**What you are asked to do:**
Every line in the data below has to be repeated exactly; no picture belongs in the result.

Top of Source material

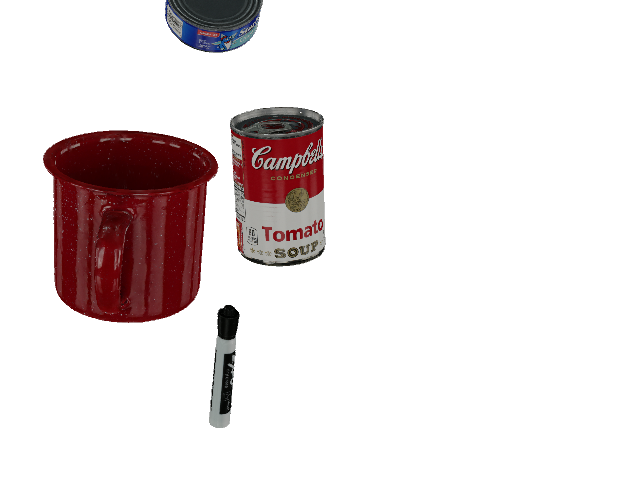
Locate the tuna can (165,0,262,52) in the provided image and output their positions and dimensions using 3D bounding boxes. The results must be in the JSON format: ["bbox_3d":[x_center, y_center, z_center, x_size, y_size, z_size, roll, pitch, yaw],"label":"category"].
[{"bbox_3d":[-0.096,-0.209,0.951,0.086,0.086,0.034,0,-31,-12],"label":"tuna can"}]

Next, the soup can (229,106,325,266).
[{"bbox_3d":[-0.031,-0.040,0.787,0.068,0.102,0.068,-1,23,0],"label":"soup can"}]

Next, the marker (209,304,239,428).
[{"bbox_3d":[-0.085,0.111,0.937,0.020,0.121,0.020,6,26,-3],"label":"marker"}]

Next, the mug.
[{"bbox_3d":[-0.105,-0.002,0.580,0.093,0.081,0.117,4,25,-5],"label":"mug"}]
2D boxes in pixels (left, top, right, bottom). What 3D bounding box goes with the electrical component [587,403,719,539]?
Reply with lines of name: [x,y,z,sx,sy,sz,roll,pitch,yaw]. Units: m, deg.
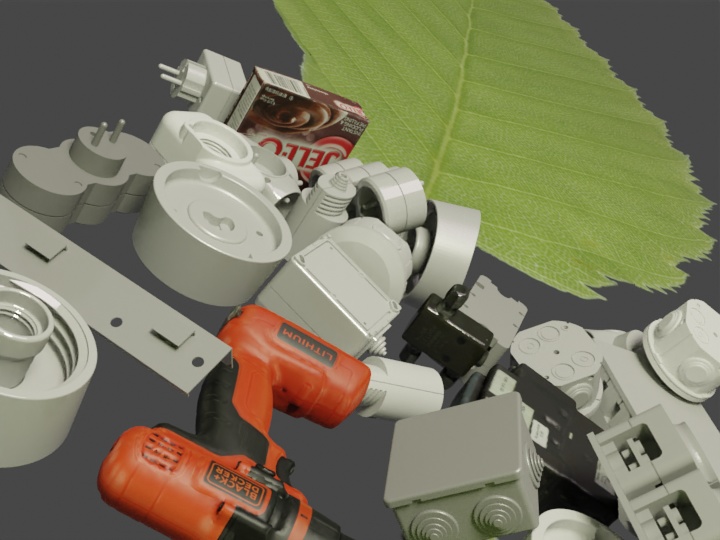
electrical component: [0.225,0.184,0.714,0.186,0.060,0.105,56,10,-40]

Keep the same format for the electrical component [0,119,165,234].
electrical component: [-0.187,-0.075,0.756,0.052,0.073,0.138,41,28,13]

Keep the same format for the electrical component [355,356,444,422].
electrical component: [0.014,0.084,0.759,0.081,0.043,0.043,15,33,-34]

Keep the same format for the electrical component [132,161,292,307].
electrical component: [-0.110,-0.020,0.769,0.108,0.060,0.108,27,28,-16]

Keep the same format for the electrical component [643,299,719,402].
electrical component: [0.289,0.069,0.931,0.080,0.051,0.080,25,41,-24]

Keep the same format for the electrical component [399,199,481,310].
electrical component: [0.068,-0.010,0.914,0.064,0.099,0.099,18,31,-18]

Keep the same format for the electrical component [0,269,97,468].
electrical component: [-0.193,0.044,0.572,0.108,0.060,0.108,27,28,-16]

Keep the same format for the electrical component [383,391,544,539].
electrical component: [0.067,0.130,0.689,0.099,0.100,0.048,-75,146,-63]

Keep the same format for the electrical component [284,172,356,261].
electrical component: [-0.033,-0.045,0.872,0.043,0.081,0.043,27,28,-16]

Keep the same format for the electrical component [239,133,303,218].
electrical component: [-0.079,-0.077,0.911,0.077,0.044,0.079,45,30,19]

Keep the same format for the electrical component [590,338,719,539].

Bottom of Source material

**Task answer:**
Locate the tuna can (165,0,262,52) in the provided image and output their positions and dimensions using 3D bounding boxes. The results must be in the JSON format: ["bbox_3d":[x_center, y_center, z_center, x_size, y_size, z_size, roll, pitch, yaw],"label":"category"].
[{"bbox_3d":[-0.096,-0.209,0.951,0.086,0.086,0.034,0,-31,-12],"label":"tuna can"}]

Next, the soup can (229,106,325,266).
[{"bbox_3d":[-0.031,-0.040,0.787,0.068,0.102,0.068,-1,23,0],"label":"soup can"}]

Next, the marker (209,304,239,428).
[{"bbox_3d":[-0.085,0.111,0.937,0.020,0.121,0.020,6,26,-3],"label":"marker"}]

Next, the mug.
[{"bbox_3d":[-0.105,-0.002,0.580,0.093,0.081,0.117,4,25,-5],"label":"mug"}]
2D boxes in pixels (left, top, right, bottom). What 3D bounding box goes with the electrical component [587,403,719,539]?
Reply with lines of name: [x,y,z,sx,sy,sz,roll,pitch,yaw]. Units: m, deg.
electrical component: [0.225,0.184,0.714,0.186,0.060,0.105,56,10,-40]

Keep the same format for the electrical component [0,119,165,234].
electrical component: [-0.187,-0.075,0.756,0.052,0.073,0.138,41,28,13]

Keep the same format for the electrical component [355,356,444,422].
electrical component: [0.014,0.084,0.759,0.081,0.043,0.043,15,33,-34]

Keep the same format for the electrical component [132,161,292,307].
electrical component: [-0.110,-0.020,0.769,0.108,0.060,0.108,27,28,-16]

Keep the same format for the electrical component [643,299,719,402].
electrical component: [0.289,0.069,0.931,0.080,0.051,0.080,25,41,-24]

Keep the same format for the electrical component [399,199,481,310].
electrical component: [0.068,-0.010,0.914,0.064,0.099,0.099,18,31,-18]

Keep the same format for the electrical component [0,269,97,468].
electrical component: [-0.193,0.044,0.572,0.108,0.060,0.108,27,28,-16]

Keep the same format for the electrical component [383,391,544,539].
electrical component: [0.067,0.130,0.689,0.099,0.100,0.048,-75,146,-63]

Keep the same format for the electrical component [284,172,356,261].
electrical component: [-0.033,-0.045,0.872,0.043,0.081,0.043,27,28,-16]

Keep the same format for the electrical component [239,133,303,218].
electrical component: [-0.079,-0.077,0.911,0.077,0.044,0.079,45,30,19]

Keep the same format for the electrical component [590,338,719,539].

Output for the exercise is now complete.